Arthur Andersen’s reports on our consolidated financial statements for the fiscal year ending August 31, 2001 did not contain an adverse opinion or disclaimer of opinion, nor were such reports qualified or modified as to uncertainty, audit scope or accounting principles.
During the fiscal year ended August 31, 2001 and through June 26, 2002, there were (i) no disagreements with Arthur Andersen on any matter of accounting principles or practices, financial statement disclosure or auditing scope or procedure, which disagreement(s), if not resolved to Arthur Andersen’s satisfaction would have caused Arthur Andersen to make a reference to the subject matter of the disagreement(s) in connection with Arthur Andersen’s report or (ii) no reportable events as defined in Item 304(a)(1)(v) of Regulation S-K.
We have previously provided Arthur Andersen with a copy of the foregoing disclosures, and Arthur Andersen has delivered to us a letter dated June 26, 2002 stating that it has found no basis for disagreement with such statements.

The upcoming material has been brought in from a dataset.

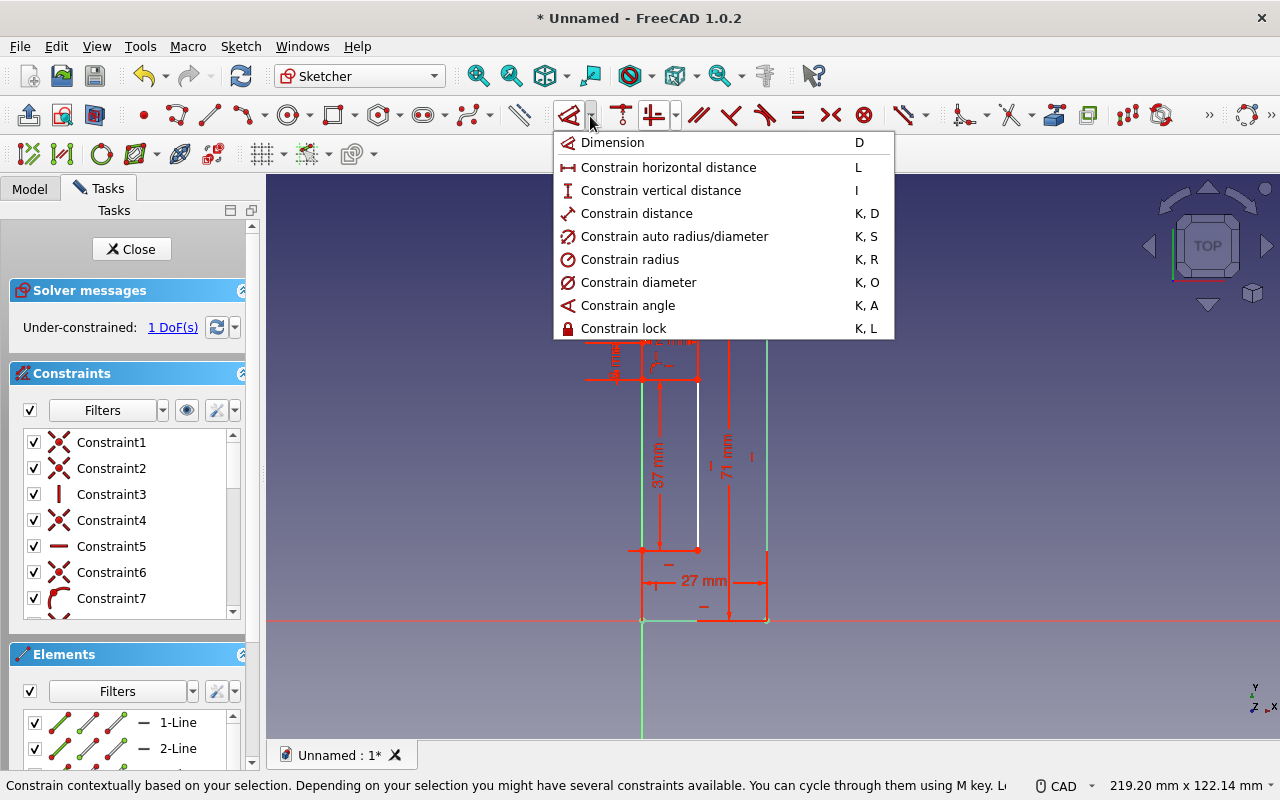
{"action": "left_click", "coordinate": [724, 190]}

During the fiscal year ended August 31, 2001 and through June 26, 2002, we did not consult Ernst & Young with respect to the application of accounting principles to a specified transaction, whether completed or proposed, or the type of audit opinion that might be rendered on our consolidated financial statements, or any other matters or reportable events as set forth in Items 304(a)(2)(i) and (ii) of Regulation S-K.